Lessons from Building a 100 GB Data Analysis Pipeline in Python
Published:
Very early in my PhD, I realized that an Excel spreadsheet wasn’t going to cut it.
The experiment in question produced 5–10 GB of binary electrophysiology recordings per session, spread across dozens of files, each containing millisecond-resolution time-series data from multiple recording channels. The existing analysis workflow — load a file in MATLAB, scroll through it manually, copy peak values to Excel, repeat — would have taken 2+ hours per session and would not have been reproducible from one person to the next.
So I built MonStim Analyzer: a full-featured PyQt6 desktop application for automated EMG data analysis. Here’s what I learned along the way.
1. You can’t load 100 GB into RAM — design your I/O layer first
The first constraint I hit was memory. A naive approach (load everything, then process) immediately fails when your data exceeds available RAM. The solution I ended up with was lazy loading with structured caching: on startup, the application indexes all session files and builds a metadata catalog; individual recordings are loaded from disk on demand and cached in a Session → Channel → Sweep hierarchy. Data that hasn’t been accessed recently is evicted from memory to keep the footprint manageable.

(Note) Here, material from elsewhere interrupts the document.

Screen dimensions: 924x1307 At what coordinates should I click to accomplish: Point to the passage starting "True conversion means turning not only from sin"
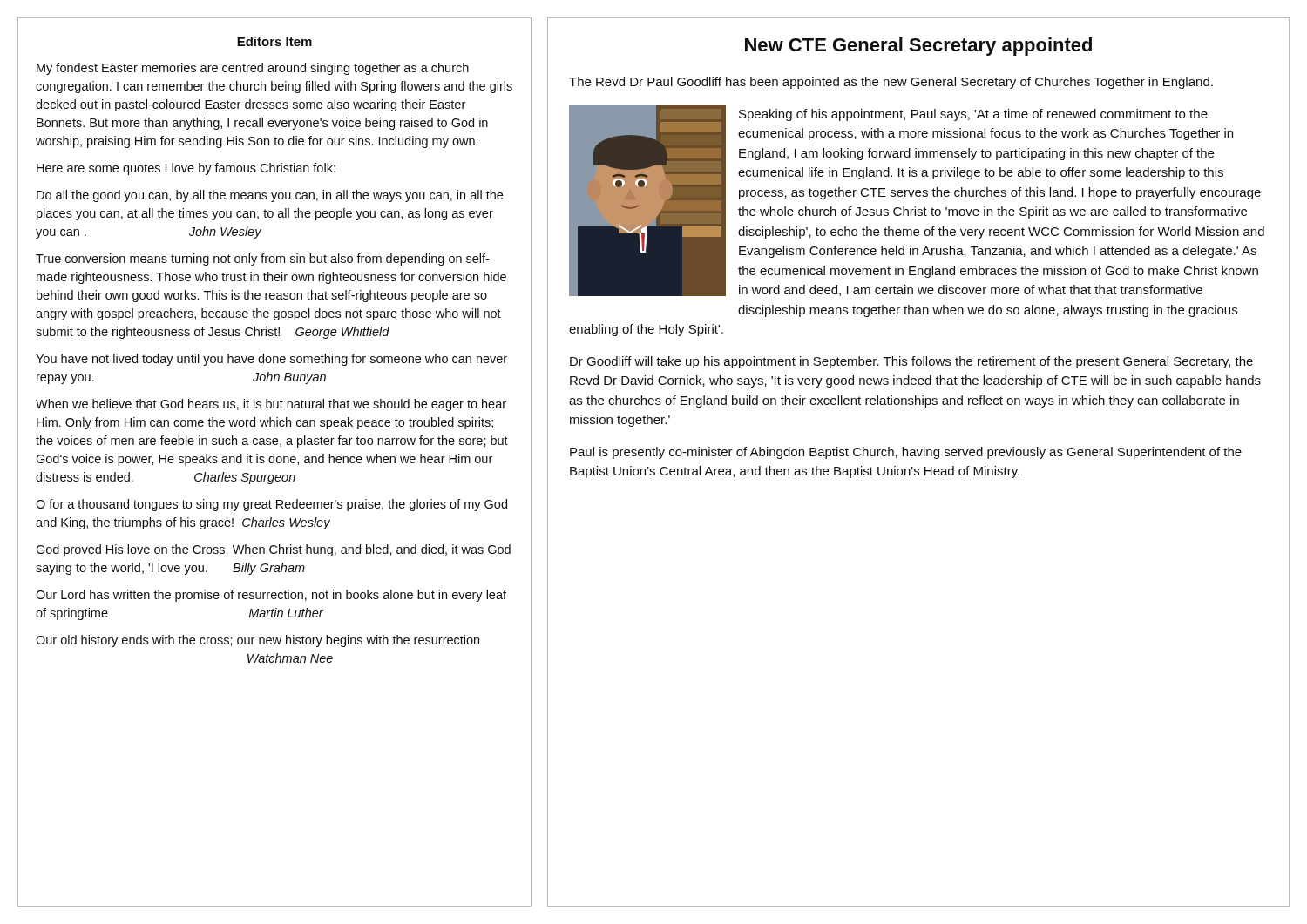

The lesson generalizes directly to production data engineering: design your I/O layer first, and never let your processing logic assume all data fits in memory. In a world of big data, that’s just not a safe assumption.
2. GUIs aren’t optional when your users aren’t programmers
My users are electrophysiologists. They are excellent scientists. They do not want to edit a Python script to change an axis limit.
Building a real GUI — with a Qt interface, interactive waveform visualization, and point-and-click peak editing — was more work than a command-line tool, but it was the right call. A tool that sits in a GitHub repo and requires conda activate to run will not be used daily by most wet-lab researchers. It’s hard enough to get them to go to a GitHub repo to download an executable, let alone open a terminal and run a script for the first time.
If you’re building data tools for people who aren’t engineers, invest in a good interface.
3. Reproducibility requires deliberate choices, not just documentation
Every analysis decision made through the GUI — peak overrides, channel exclusions, baseline correction parameters — is serialized and stored in the session file alongside the raw data. Reloading a session in three years produces exactly the same results, regardless of who ran it originally.
This didn’t happen automatically. It required designing a data model where every user action has a representation in a serializable structure, and where loading that structure fully restores application state. If you’re building tools where reproducibility matters, design for it from the start because retrofitting is painful.
4. Measure the right thing — human time is often the bottleneck
The analysis workflow dropped from ~2 hours to under 25 minutes per session. Most of that gain came not from algorithmic speedups but from removing repetitive, attention-heavy steps: automated file loading, consistent report generation, and a clearer UI that reduced manual decision time. Instrument your workflow and time the human-in-the-loop steps because those are often the cheapest and highest-impact things to improve.
Even when computation is expensive, profiling where time is actually spent will guide better trade-offs than guessing where the bottleneck lies.
Conclusion
Building tools for large, messy datasets requires deliberate engineering choices: design an I/O layer that doesn’t assume infinite RAM, invest in a usable interface for non-programmers, serialize every user action for reproducibility, and measure the true bottlenecks — often the human ones. Do those things, and you’ll build tools people use, trust, and return to.
The full source code for MonStim Analyzer is on GitHub. The companion figure-generation application is MonStim Plotter.